Two months later, Lou says, she knew she was pregnant and she ran away to New York. She wrote to her parents from there.
I cannot tell you who the father is
, she wrote,
because I was very drunk, and I never even knew his name. He was from somewhere up north, and it wasn’t his fault. I was very willing. I was intoxicated, but I did know what I was doing. I am so sorry for causing you all such pain and embarrassment, especially just before Rosalie’s wedding.

Apart from that, Lou told her family, she was fine. She was living in a home for unwed mothers, and then, afterward, she would stay in New York and get a job.

“My mother,” Lou says, “was so distraught, she had to be hospitalized. A daughter in disgrace, a wedding in jeopardy. What would people say if I didn’t show up at my sister’s wedding? And what would they say if I
did
? I’d be showing by then.”

As for the man who had taken advantage of Lou, what else could you expect of a Yankee?

“Poor Lou,” Sam murmurs. “Poor Lou. Did you …?”

“I had my baby and I gave her up for adoption.”

“When you said you went to Paris to get over someone …?”

“I meant my baby. I was bleeding grief and I thought I’d die. I wanted to die. The only person I ever told was Françoise. On New Year’s Eve, we were drunk and depressed and we made a pact. You have to leave your violent boyfriend, I told her, before he kills you. You have to find your baby, she said.
Ton bébé
. She wrote it on my mirror with lipstick:
Il faut trouver ton BB
.”

“And then you got stuck with a brat like me. What a lousy consolation prize I was.”

Lou moves away, studying gravestones. Sam follows.

“So somewhere in the world I’ve got a cousin,” she says, awed by the thought. She thinks about it. “We must have been born about the same time, because I’ve calculated that I was conceived—”

“About the same time, yes. The difference was, Rosalie could keep you, and I couldn’t keep mine. I was insanely jealous of Rosalie.” Lou pulls at long blades of grass and shreds them with a thumbnail.

“But you can find her, Lou. You can find your baby again. People do it all the time.”

“Yes,” Lou says. “Well, I did, in fact. But I don’t want to intrude on her life. I’m waiting for her to want to find me.”

“Oh, she will, she will,” Sam says. “And she’ll be so lucky, Lou, to have you as a—”

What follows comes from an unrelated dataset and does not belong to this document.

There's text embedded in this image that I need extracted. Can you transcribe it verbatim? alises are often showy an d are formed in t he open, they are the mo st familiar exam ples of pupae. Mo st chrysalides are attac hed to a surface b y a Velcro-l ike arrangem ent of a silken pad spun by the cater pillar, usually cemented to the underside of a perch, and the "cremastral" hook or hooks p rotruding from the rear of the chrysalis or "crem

And then it arrives, the heavy thing Sam has been afraid to know, though she seems—quite suddenly—to have known it all her life. It rises inside her head like a plane turning into a sun. There is a crashing noise in her ears.

“Lou, are you …? Am I …?”

Lou nods. Sam thinks Lou nods. They are not touching, and she thinks Lou is weeping, but all she can see is fog. For a very long time, Sam traces Mary Elizabeth Sharrod’s name with one finger. Tributaries of angel hair are tangled in the letters and they flow around the years of her death and of her birth.

“It was Rosalie’s idea,” Lou says softly. “She was such a generous person. She was a genuinely good person, Ros. She was with me when you were born.”

MARY ELIZABETH SHARROD
, Sam’s finger spells.
BORN 1762, DIED
1770.

“They adopted you formally. They had to give up the wedding so no one would know. That’s the sort of thing you had to do in Charleston in those days. In our kind of circle in Charleston. The circle the Raleighs and the Hamiltons lived in.”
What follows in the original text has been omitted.